After she filed for divorce Monday from her seventh husband, construction worker Larry Fortensky, her explanation was prosaic: “irreconcilable differences.”

“The whole thing will be worked out amicably between Elizabeth and Larry,” said Taylor’s attorney, Neil Papiano. “They are both very sorry matters didn’t work out, but they still have great respect and love for each other.”

Advertisement

While the situation may appear final to Fortensky, he could take note of events that followed Taylor’s 1973 split from Burton. Sixteen months after the divorce, they remarried and Burton, once her fifth husband, then became her sixth.

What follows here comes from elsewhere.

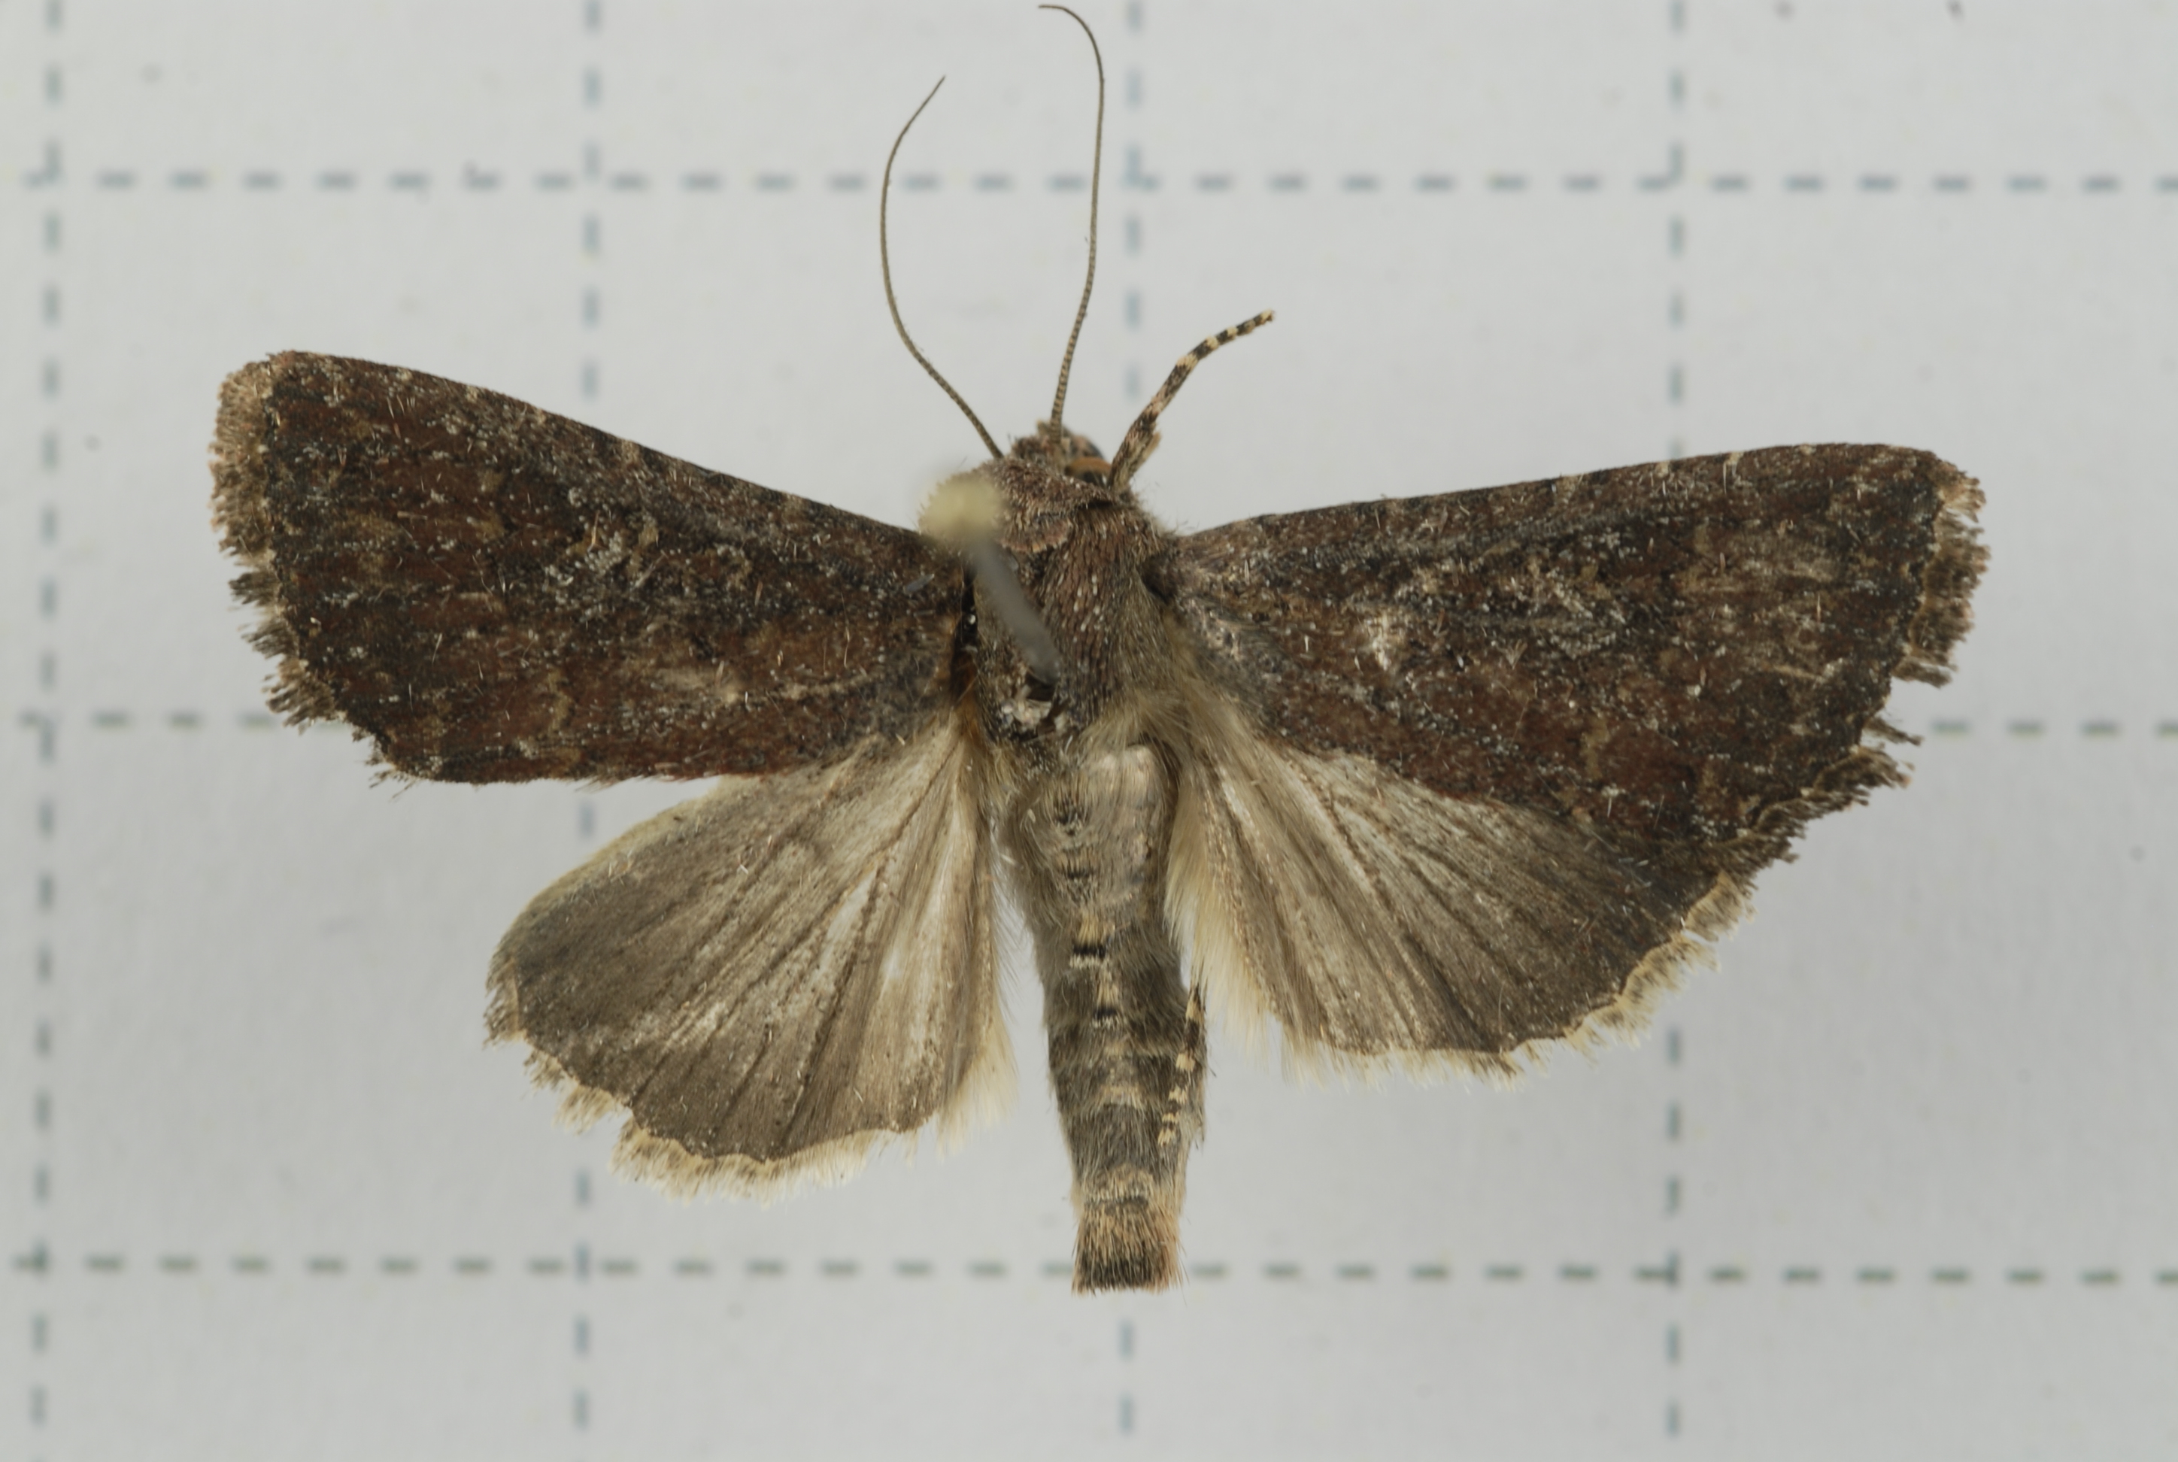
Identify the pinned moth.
Condica illecta

They did not, however, stay married long. They re-divorced eight months later. Taylor recuperated quickly from the trauma of two marriages and two divorces with the same man. Six months after the second divorce was final she married her seventh husband, U.S. Sen. John W. Warner. They divorced in 1982, after which Taylor stayed single almost an entire decade.

Taylor, 63, whose last hit movie was 30 years ago, is famous for being famous. And a good part of her celebrity, many believe, are her marriages to rich, talented or powerful men. Larry Fortensky was the departure.

He drove a Caterpillar dirt compactor for a living and was a member of Teamsters Local 420 in Los Angeles. His union classified him as a “construction driver.” Taylor referred to him as an “employee of a large engine equipment company.”

Their storied meeting could be characterized as a match made in a detoxification center. They met at the Betty Ford Clinic in Rancho Mirage in 1988. Taylor was there for drug treatment. Fortensky’s stay at the clinic, reportedly covered under his Teamsters insurance policy, followed a drunk-driving conviction.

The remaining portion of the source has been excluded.